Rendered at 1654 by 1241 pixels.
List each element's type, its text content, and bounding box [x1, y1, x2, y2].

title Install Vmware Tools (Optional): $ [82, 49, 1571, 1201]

###

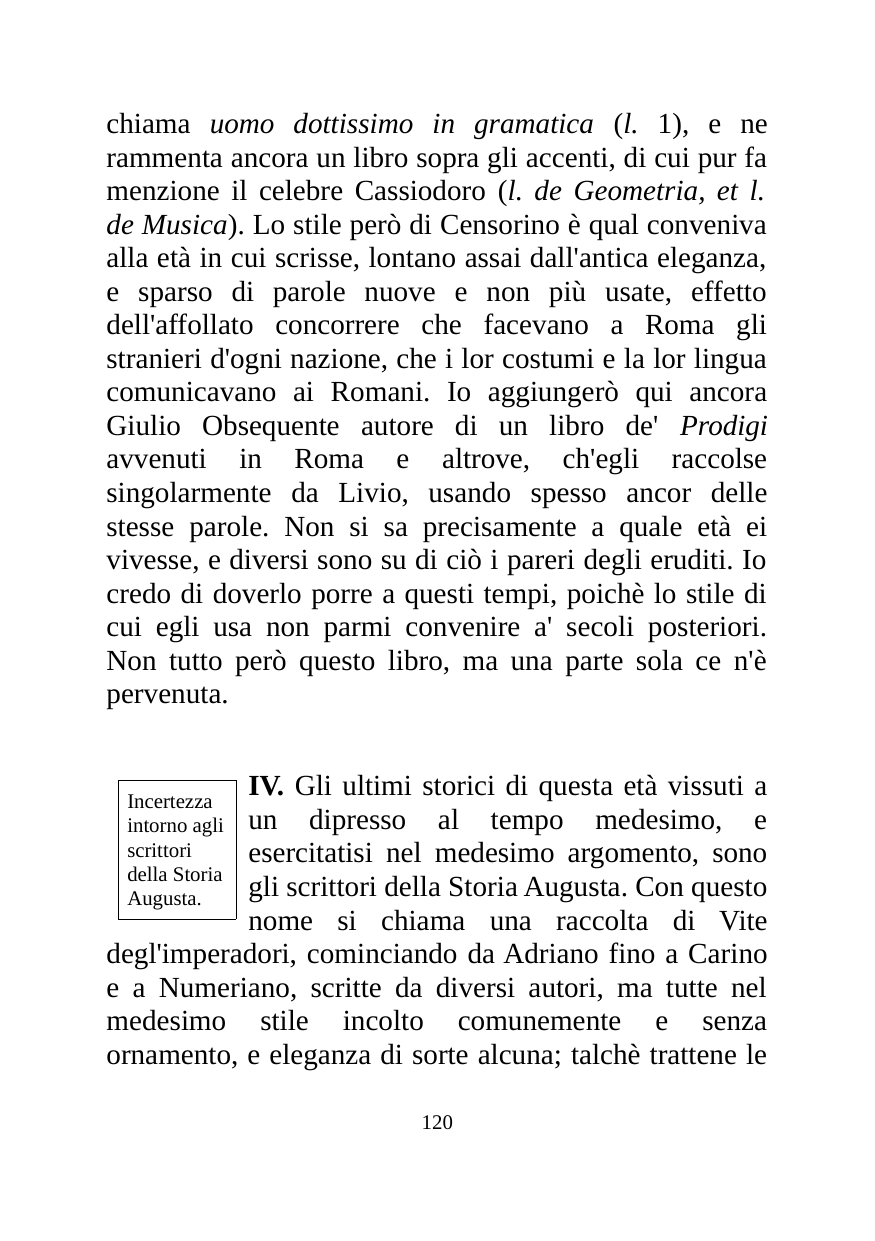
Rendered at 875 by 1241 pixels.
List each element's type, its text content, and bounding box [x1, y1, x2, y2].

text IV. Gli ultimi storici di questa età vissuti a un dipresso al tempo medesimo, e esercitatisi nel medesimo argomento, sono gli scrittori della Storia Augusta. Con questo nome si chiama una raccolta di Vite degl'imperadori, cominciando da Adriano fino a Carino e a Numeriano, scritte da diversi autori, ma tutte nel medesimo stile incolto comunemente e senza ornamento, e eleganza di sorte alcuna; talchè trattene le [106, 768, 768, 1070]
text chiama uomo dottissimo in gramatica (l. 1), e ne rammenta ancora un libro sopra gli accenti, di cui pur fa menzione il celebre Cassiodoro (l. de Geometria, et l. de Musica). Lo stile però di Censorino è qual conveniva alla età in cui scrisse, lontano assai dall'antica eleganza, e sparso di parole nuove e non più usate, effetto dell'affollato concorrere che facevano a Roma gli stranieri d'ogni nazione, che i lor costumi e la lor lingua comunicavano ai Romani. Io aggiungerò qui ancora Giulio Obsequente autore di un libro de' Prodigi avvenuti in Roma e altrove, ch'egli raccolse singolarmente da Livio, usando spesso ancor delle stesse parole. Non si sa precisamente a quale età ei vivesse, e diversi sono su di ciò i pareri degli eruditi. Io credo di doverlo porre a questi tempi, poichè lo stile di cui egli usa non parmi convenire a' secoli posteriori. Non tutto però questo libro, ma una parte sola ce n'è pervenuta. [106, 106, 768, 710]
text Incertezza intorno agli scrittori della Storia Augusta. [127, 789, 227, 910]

###

Where a line of the records holds the word "pixels", copy that line.

**Output below:**
Rendered at 1654 by 1241 pixels.
Rendered at 875 by 1241 pixels.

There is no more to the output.